By Lisa Fabrizio on 4.8.09 @ 6:07AM
How do you say big bore in Austrian?
Barack Obama is now in the second week of his second overseas
tour in less than a year. Not content with being the President of
the United States, it seems, the chosen one has seen fit to share
his oratorical munificence with the rest of humanity. Right
before his last trip across the pond, where he oddly sought
American votes, he famously said: "It's embarrassing when
Europeans come over here, they all speak English, they speak
French, they speak German. And then we go over to Europe and all
we can say is 'merci beaucoup.'"
Well, some of us think it's embarrassing when our president makes
gaffe after gaffe in his alleged native tongue and continues to
be trumpeted as one of the world's greatest orators. Unlike his
predecessor, whose every misspoken word was grist for derision,
the media is willfully ignoring the fact that Obama's greatest
ability seems to lie in reading speeches rather than making them.

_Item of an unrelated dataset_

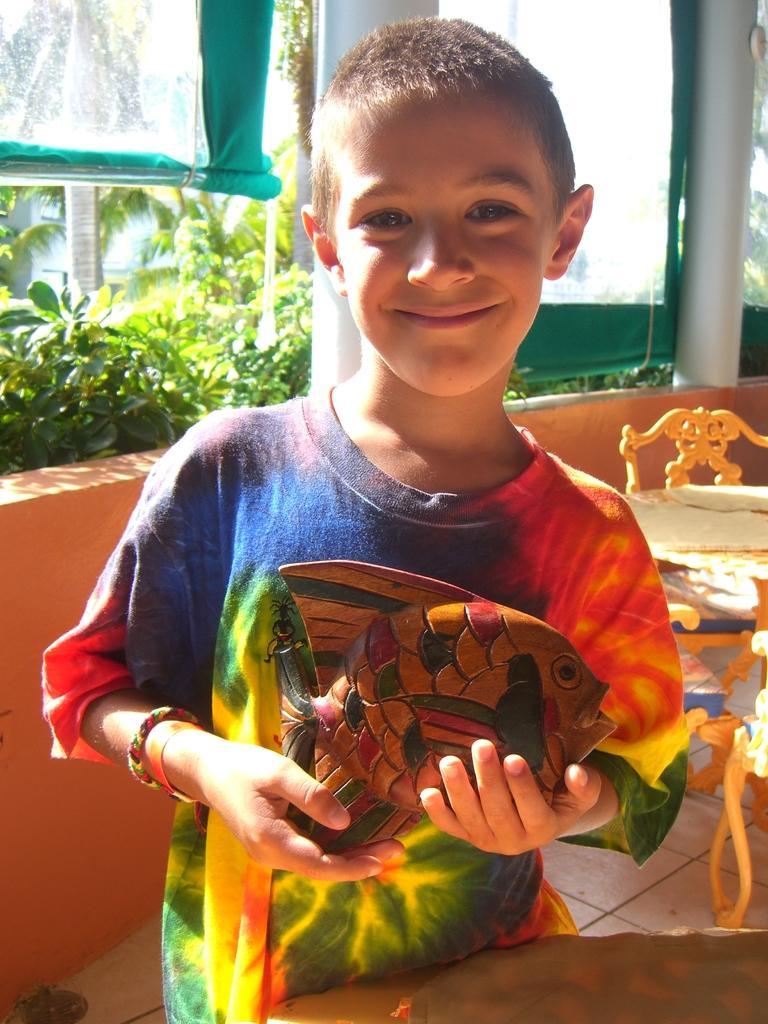How would you summarize this image in a sentence or two? In this image we can see a boy standing and holding a figurine. We can see tables and chairs. In the background there are curtains, plants and trees. There is a wall and we can see a rod.

Consider this gushing report from the
TimesOnline: "Yesterday he showed how to dazzle Europe as no
President has done since John F. Kennedy. A young student
insisted on kissing him as he moved through the streets of
Strasbourg. He later led his audience through a faltering
rendition of the revolutionary 'Liberté! Egalité!
Fraternité'!" Faltering? After uttering the word
egalité, he froze like a deer in the headlights -- no
doubt due to a faulty teleprompter -- before stuttering
embarrassingly to the finish.
And while the crowd of German and French students robotically
cheered in all the right places, to watch the
video is to look on the face of utter boredom. But don't take
my word for it;
blogging for the UK's Telegraph, Iain Martin cites
Obama's mastery of "cadences," and asks, "But beyond that, am I
alone in finding him increasingly to be something of a bore?"
Not only a bore, but a man who can err in ways never dreamed of
by Dan Quayle, such as the invention
of the "Austrian" language. Now, there are those on the left who
will accuse us of being petty, of trying to demean their hero by
focusing on his insignificant gaffes, much as they did to George
Bush for eight long years. But the difference is that no
conservative ever tried to sell the idea that Bush was a great
orator. And he himself certainly never lectured his countrymen on
the embarrassment he felt at their ignorance of foreign
languages.
But it's not just his delivery that is so disconcerting to many
here at home; even those who are convinced that his message is
full of soaring rhetoric should concede that some of his overseas
words and actions are just a bit creepy. Take his bowing to Saudi
King Abdullah. Not just a curt lowering of the head, but a
full-waist bow that I've only seen done by Catholics in front of
the Blessed Sacrament. Now many think that Obama bowing to a
foreign potentate was an expression of his willingness to show
humility and respect for other nations, although this charity of
motive was not extended to President Bush when he kissed the
Saudi prince last year in Texas.
But it's funny how the liberal mind works. Americans of European
descent -- especially Christians -- are never allowed to forget
the crimes of their forefathers, ancient or recent. Indeed, in
Turkey
on Monday, Obama was glad to point out: "I say this as the
president of a country that not too long ago made it hard for
someone who looks like me to vote."
Yet, he also had no problem saying, "We will convey our deep
appreciation for the Islamic faith, which has done so much over
the centuries to shape the world -- including in my own country."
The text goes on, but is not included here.